Born in the cloud era
For all of the big names that have been around for quite some time, there seem to be even more new vendors bringing cloud native products to market. As customers continue to innovate in the cloud, it is apparent that vendors are looking at ways to fill in the gaps that the top public cloud players don’t provide. CFD10 was heavy on the data/storage side of things from a vendor perspective. Scality kicked off their conversation with a really interesting perspective about data sovereignty. It was refreshing to step away from the tech and talk about the social/cultural aspect of data, but they also spent time diving into their RING hybrid cloud storage platform and Zenko storage manager.
How to deal with state for modern applications has become a pretty hot topic. StorageOS presented their cloud native, software defined storage platform at CFD10. Some of the delegates commented that StorageOS kind of seemed like “vSAN for containers,” which is maybe a bit of an over-generalization. StorageOS can be deployed anywhere as a container to deliver a pool of virtualized storage that also integrates with Kubernetes. The intent seems to be enabling developers to easily build state into an app without needing to worry about the underlying infrastructure.
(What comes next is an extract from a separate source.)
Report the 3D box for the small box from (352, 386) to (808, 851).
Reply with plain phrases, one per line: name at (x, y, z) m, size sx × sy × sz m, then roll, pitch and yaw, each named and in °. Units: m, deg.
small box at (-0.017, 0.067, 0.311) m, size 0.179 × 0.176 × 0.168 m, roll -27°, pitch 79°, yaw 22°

As customers move into the cloud, data sprawl can become a large problem. Komprise showed how their intelligent data platform can be leveraged across all clouds for file and object storage to help make decisions around cost and governance. Komprise uses metadata to perform deep analytics within the storage platform, allowing customers to make informed choices about migrations, data placement and public cloud costs.
Defies categorization
Rounding out the vendors at CFD10 was Intel. Unlike the other vendors, Intel didn’t really have a cloud “product” that anyone could launch from a marketplace or purchase from a reseller. Rather, we got some insights into confidential computing and intelligent cloud. With Intel SGX and Intel Telemetry, we were presented with benefits that can be realized by running the cloud, rather than an actual product customers can currently grasp. Interesting conversations were had, albeit a bit scattered from the context of CFD10.
virtualBonzo’s take
Cloud Field Day is an interesting experience because cloud is such a vast umbrella for both customers and vendors. If anything, cloud has made modern IT more complex given the almost limitless possibilities in how to create applications. Vendors that grew up in a VM-centric world may find it hard to mirror that success in public cloud. New cloud vendors have to compete with the name recognition of bigger companies and the hyper-scale public clouds themselves.
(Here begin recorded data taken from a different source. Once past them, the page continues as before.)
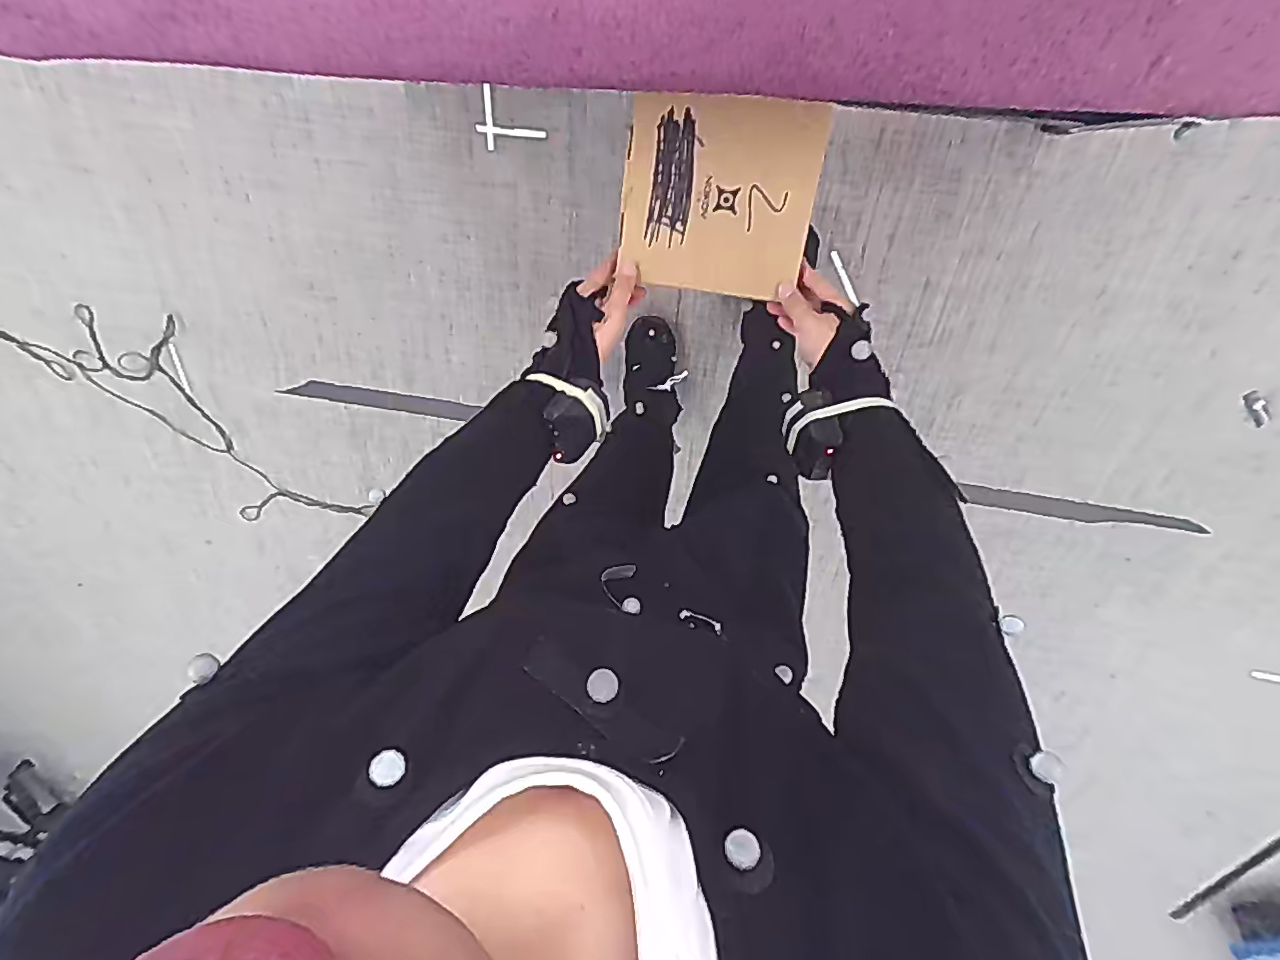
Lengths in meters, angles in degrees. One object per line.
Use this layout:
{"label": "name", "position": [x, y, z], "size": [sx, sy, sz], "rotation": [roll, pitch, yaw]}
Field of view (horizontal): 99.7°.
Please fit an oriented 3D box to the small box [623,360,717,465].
{"label": "small box", "position": [0.058, -0.147, 1.146], "size": [0.179, 0.176, 0.168], "rotation": [8, 117, -1]}

It is also very interesting to see the growth of VMware platforms within the public cloud. A colleague of mine used to tell me “VMware won’t even exist as a company five years from now” … and that was about four years ago. The future certainly may be Kubernetes, Serverless or some other abstraction that has yet to take hold. In the meantime, the present is still more than viable for VMs, containers, Oracle DBs, HCI and so on.
The landscape of modern IT is so huge that it doesn’t have to be one general thing. It can be lots of different things for lots of different reasons. I’ve talked to so many customers that just want to know what the “best practice” is for utilizing say, AWS. That is an impossible question to answer when the customer/organization/application really holds the key to what is necessary to start down that path. The cloud is for all of us, and we have amazing tools at our grasp to both replatform the present and build limitless possibilities for the future.